FOR VALUE RECEIVED, Jeffrey M. Greene, an individual resident of the State of South Carolina (the “Borrower”), hereby unconditionally promises to pay to the order of Consolidated Container Company LP (hereafter, together with any holder hereof, called “Holder”) at the offices of the Holder located at 3101 Towercreek Parkway, Suite 300, Atlanta, Georgia 30339, or at such other place as the Holder may designate in writing, in lawful money of the United States of America, and in immediately available funds, the principal sum of one hundred fifty thousand dollars ($150,000.00) together with interest on the principal balance from time to time outstanding hereunder (computed on the basis of a 365-day year and actual number of days elapsed) from the date hereof until paid in full at a per annum rate equal to five percent (5.0%).

The entire principal amount of this Note, together with all accrued and unpaid interest on this Note, shall be due and payable on the earlier of (i) ten days following the sale of Borrower’s home in Spartanburg, South Carolina, or (ii) June 1, 2007.

Interest shall accrue on any amount past due hereunder at a rate equal to three percent (3.0%) per annum in excess of the interest rate otherwise payable hereunder.

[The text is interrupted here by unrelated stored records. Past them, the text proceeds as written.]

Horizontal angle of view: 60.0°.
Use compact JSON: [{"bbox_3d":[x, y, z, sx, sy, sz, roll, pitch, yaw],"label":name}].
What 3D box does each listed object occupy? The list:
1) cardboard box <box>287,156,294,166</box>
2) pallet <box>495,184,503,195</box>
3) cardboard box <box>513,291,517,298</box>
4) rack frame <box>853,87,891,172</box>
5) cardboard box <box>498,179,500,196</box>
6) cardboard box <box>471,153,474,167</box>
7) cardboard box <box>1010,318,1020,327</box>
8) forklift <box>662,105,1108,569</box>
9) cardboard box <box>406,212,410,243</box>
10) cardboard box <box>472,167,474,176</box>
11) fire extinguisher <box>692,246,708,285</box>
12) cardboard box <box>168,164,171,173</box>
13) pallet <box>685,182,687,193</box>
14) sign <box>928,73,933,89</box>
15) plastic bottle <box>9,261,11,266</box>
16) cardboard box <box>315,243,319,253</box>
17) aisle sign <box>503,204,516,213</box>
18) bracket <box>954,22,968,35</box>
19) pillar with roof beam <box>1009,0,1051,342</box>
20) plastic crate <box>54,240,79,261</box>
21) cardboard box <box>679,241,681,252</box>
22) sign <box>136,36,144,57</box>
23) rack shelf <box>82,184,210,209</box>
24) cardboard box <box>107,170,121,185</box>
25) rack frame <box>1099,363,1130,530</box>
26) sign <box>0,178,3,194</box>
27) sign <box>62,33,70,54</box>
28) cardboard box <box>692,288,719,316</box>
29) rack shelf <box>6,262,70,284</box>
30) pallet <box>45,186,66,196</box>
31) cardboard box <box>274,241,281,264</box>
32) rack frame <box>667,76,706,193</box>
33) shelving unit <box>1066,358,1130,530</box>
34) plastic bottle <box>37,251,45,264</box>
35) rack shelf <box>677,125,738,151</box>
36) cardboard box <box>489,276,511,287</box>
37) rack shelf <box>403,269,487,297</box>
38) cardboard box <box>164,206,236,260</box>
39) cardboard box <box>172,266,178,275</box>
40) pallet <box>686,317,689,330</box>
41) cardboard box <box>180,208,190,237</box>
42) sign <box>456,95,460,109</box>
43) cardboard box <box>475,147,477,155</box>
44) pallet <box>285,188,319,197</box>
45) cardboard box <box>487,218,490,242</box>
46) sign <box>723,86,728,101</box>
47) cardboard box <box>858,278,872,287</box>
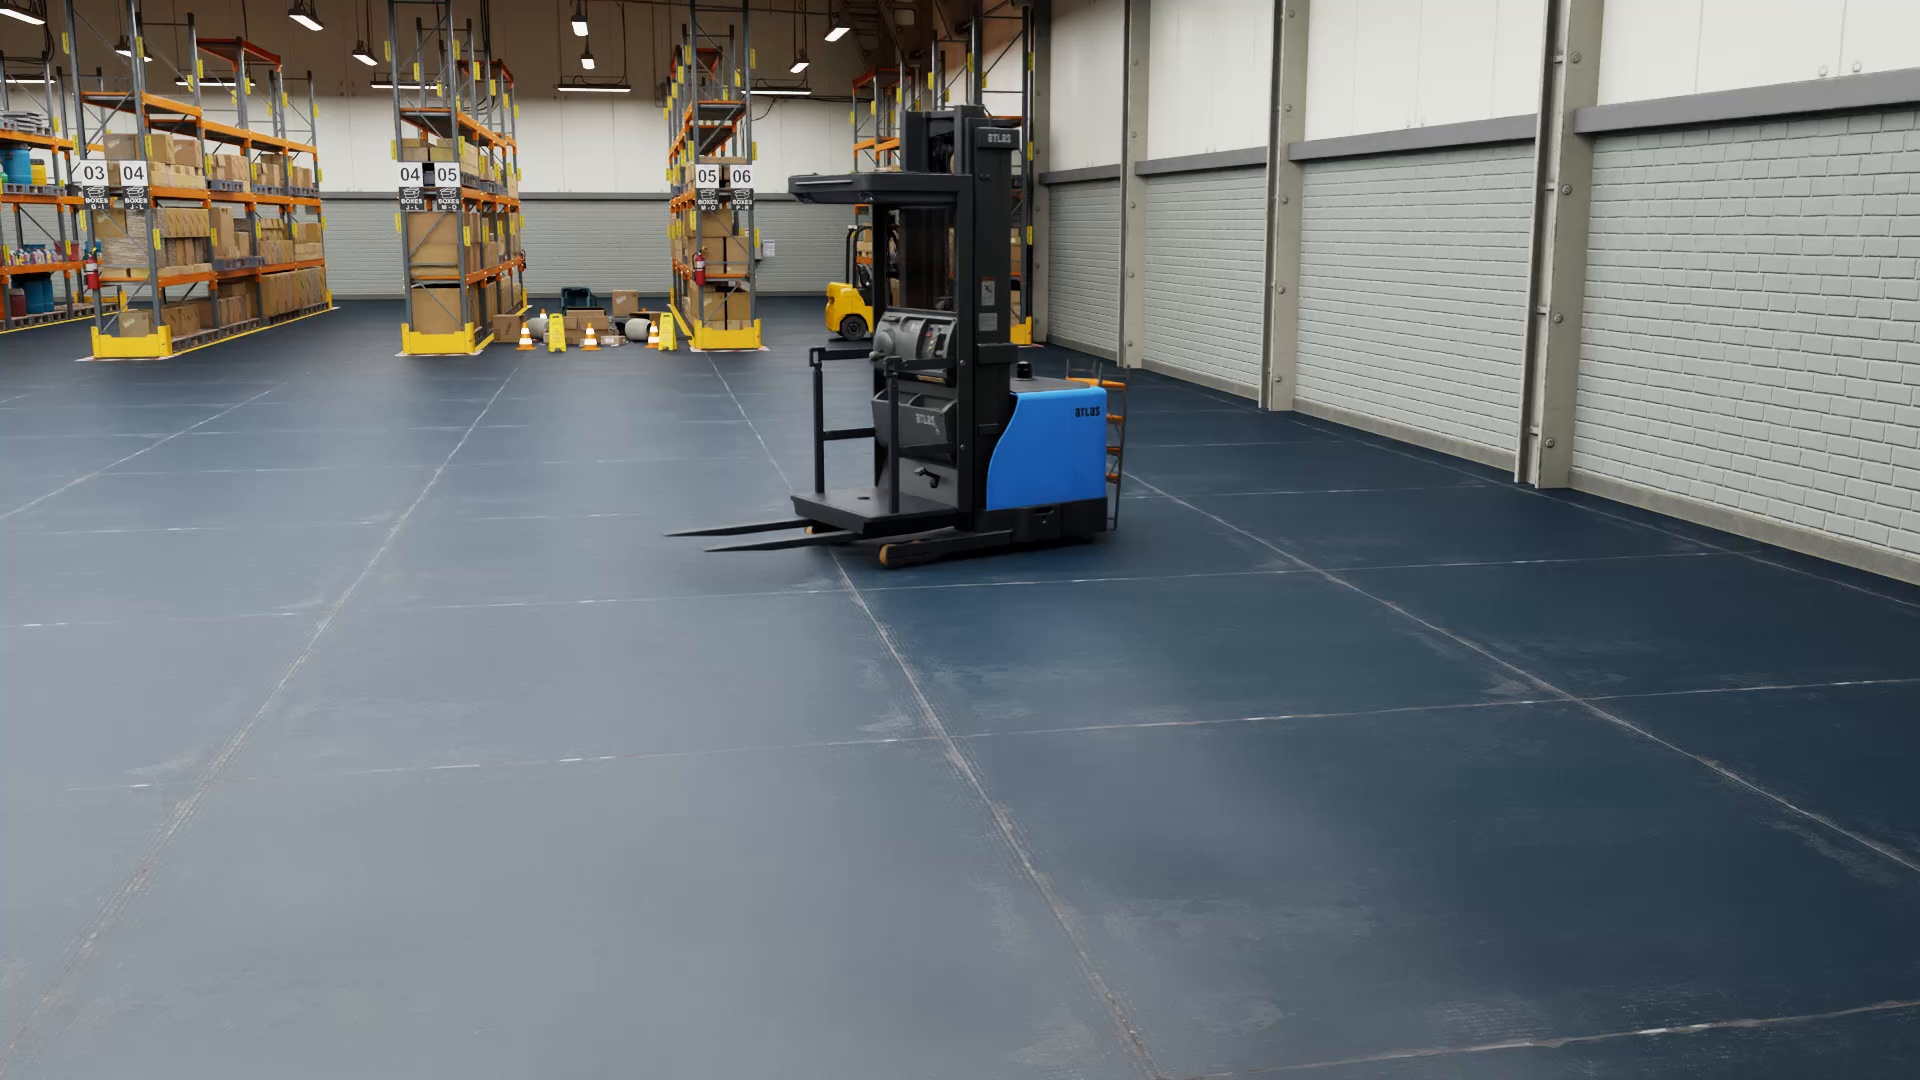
[{"bbox_3d":[-16.596,-9.259,40.633,0.500,0.250,0.500,-2,11,-13],"label":"cardboard box"},{"bbox_3d":[-10.361,-7.442,35.258,1.213,0.211,1.003,-2,11,-8],"label":"pallet"},{"bbox_3d":[-11.360,-6.177,41.836,0.380,0.149,0.250,-2,11,-11],"label":"cardboard box"},{"bbox_3d":[-2.390,-10.972,45.275,1.000,3.000,0.127,-2,11,-11],"label":"rack frame"},{"bbox_3d":[-10.492,-7.906,36.923,0.500,0.500,0.500,-2,11,-11],"label":"cardboard box"},{"bbox_3d":[-9.219,-6.980,30.539,0.500,0.250,0.500,-2,11,-12],"label":"cardboard box"},{"bbox_3d":[0.818,-4.043,31.146,0.500,0.250,0.500,-2,11,-11],"label":"cardboard box"},{"bbox_3d":[-0.476,-1.363,11.020,3.031,2.935,1.130,-7,13,-33],"label":"forklift"},{"bbox_3d":[-9.214,-5.482,29.185,0.875,0.550,0.550,-2,11,-11],"label":"cardboard box"},{"bbox_3d":[-9.178,-6.808,30.703,0.380,0.149,0.250,-2,11,-10],"label":"cardboard box"},{"bbox_3d":[-4.576,-4.833,29.275,0.296,0.674,0.183,-2,11,-11],"label":"fire extinguisher"},{"bbox_3d":[-13.913,-6.443,28.838,0.380,0.149,0.250,-3,11,-14],"label":"cardboard box"},{"bbox_3d":[-4.940,-7.141,33.673,1.213,0.211,1.003,-2,11,-11],"label":"pallet"},{"bbox_3d":[-0.586,-9.247,33.501,0.100,0.325,0.005,-2,11,-11],"label":"sign"},{"bbox_3d":[-20.063,-5.869,35.043,0.097,0.201,0.097,0,11,0],"label":"plastic bottle"},{"bbox_3d":[-16.526,-7.383,42.071,0.500,0.250,0.500,-2,11,-12],"label":"cardboard box"},{"bbox_3d":[-11.814,-8.946,43.725,0.394,0.787,0.004,-2,11,-11],"label":"aisle sign"},{"bbox_3d":[0.036,-10.977,35.677,0.235,0.232,0.430,-2,11,-11],"label":"bracket"},{"bbox_3d":[-2.752,-8.041,29.877,9.100,9.000,0.548,-2,11,-11],"label":"pillar with roof beam"},{"bbox_3d":[-20.987,-6.803,39.086,0.402,0.464,0.583,-2,11,-11],"label":"plastic crate"},{"bbox_3d":[-6.149,-6.722,38.053,0.500,0.250,0.500,-2,11,-12],"label":"cardboard box"},{"bbox_3d":[-13.335,-8.013,27.020,0.100,0.325,0.005,-2,11,-11],"label":"sign"},{"bbox_3d":[-14.256,-6.036,29.286,1.077,0.370,4.000,-2,11,-11],"label":"rack shelf"},{"bbox_3d":[-14.210,-6.028,27.722,0.500,0.250,0.500,-2,11,-10],"label":"cardboard box"},{"bbox_3d":[1.066,-0.662,11.920,0.240,1.200,0.015,0,10,-25],"label":"rack frame"},{"bbox_3d":[-19.743,-7.279,34.176,0.100,0.325,0.005,-2,11,-11],"label":"sign"},{"bbox_3d":[-14.415,-8.016,26.823,0.100,0.325,0.005,-2,11,-11],"label":"sign"},{"bbox_3d":[-4.860,-4.556,31.834,0.500,0.500,0.500,-2,11,-8],"label":"cardboard box"},{"bbox_3d":[-20.670,-5.849,36.329,1.077,0.370,4.000,-2,11,-11],"label":"rack shelf"},{"bbox_3d":[-20.811,-7.810,37.190,1.213,0.211,1.003,-2,11,-11],"label":"pallet"},{"bbox_3d":[-15.552,-6.444,37.264,0.500,0.500,0.500,-2,11,-11],"label":"cardboard box"},{"bbox_3d":[-7.258,-10.791,44.323,1.000,3.000,0.127,-2,11,-11],"label":"rack frame"},{"bbox_3d":[0.964,-0.704,12.138,0.258,1.200,0.503,0,10,-25],"label":"shelving unit"},{"bbox_3d":[-20.497,-6.288,37.045,0.152,0.276,0.135,-2,11,-11],"label":"plastic bottle"},{"bbox_3d":[-5.313,-8.407,34.791,1.077,0.370,4.000,-2,11,-11],"label":"rack shelf"},{"bbox_3d":[-10.923,-6.131,39.441,0.500,0.250,0.500,-2,11,-13],"label":"cardboard box"},{"bbox_3d":[-9.371,-4.724,30.417,1.077,0.370,4.000,-2,11,-11],"label":"rack shelf"},{"bbox_3d":[-14.662,-5.934,32.124,1.000,1.000,1.000,-2,11,-11],"label":"cardboard box"},{"bbox_3d":[-13.938,-4.715,29.119,0.380,0.149,0.250,-2,11,-11],"label":"cardboard box"},{"bbox_3d":[-5.318,-4.640,35.509,1.003,0.211,1.213,-2,11,-11],"label":"pallet"},{"bbox_3d":[-13.999,-5.621,29.469,0.500,0.500,0.500,-2,11,-11],"label":"cardboard box"},{"bbox_3d":[-11.852,-10.340,39.244,0.100,0.325,0.005,-2,11,-11],"label":"sign"},{"bbox_3d":[-9.327,-7.340,31.362,0.380,0.149,0.250,-2,11,-11],"label":"cardboard box"},{"bbox_3d":[-16.824,-8.777,42.005,1.003,0.211,1.213,-2,11,-11],"label":"pallet"},{"bbox_3d":[-10.461,-6.635,35.594,0.700,0.500,0.500,-2,11,-11],"label":"cardboard box"},{"bbox_3d":[-5.172,-9.843,36.632,0.100,0.325,0.005,-2,11,-11],"label":"sign"},{"bbox_3d":[-2.364,-6.889,45.422,0.797,0.503,0.637,-3,11,-13],"label":"cardboard box"}]

All such interest shall be due and payable on demand.

The Borrower shall pay all expenses incurred by the Holder in the collection of this Note, including, without limitation, attorneys’ fees and disbursements in the amount of fifteen percent (15%) of the unpaid principal balance and accrued interest if this Note is collected by or through an attorney-at-law.

Time is of the essence of this Note.

No delay or failure on the part of the Holder in the exercise of any right or remedy shall operate as a waiver thereof, and no single or partial exercise by the Holder of any right or remedy shall preclude other or further exercise thereof or the exercise of any other right or remedy.

All amendments to this Note, and any waiver or consent of the Holder, must be in writing and signed by the Holder and the Borrower.

The Borrower hereby waives presentment, demand, notice of dishonor, protests and all other notices whatever.

THIS NOTE SHALL BE GOVERNED BY AND CONSTRUED IN ACCORDANCE WITH THE LAWS OF THE STATE OF GEORGIA.

IN WITNESS WHEREOF, the Borrower has executed and delivered this Promissory Note as of the date and year first written above.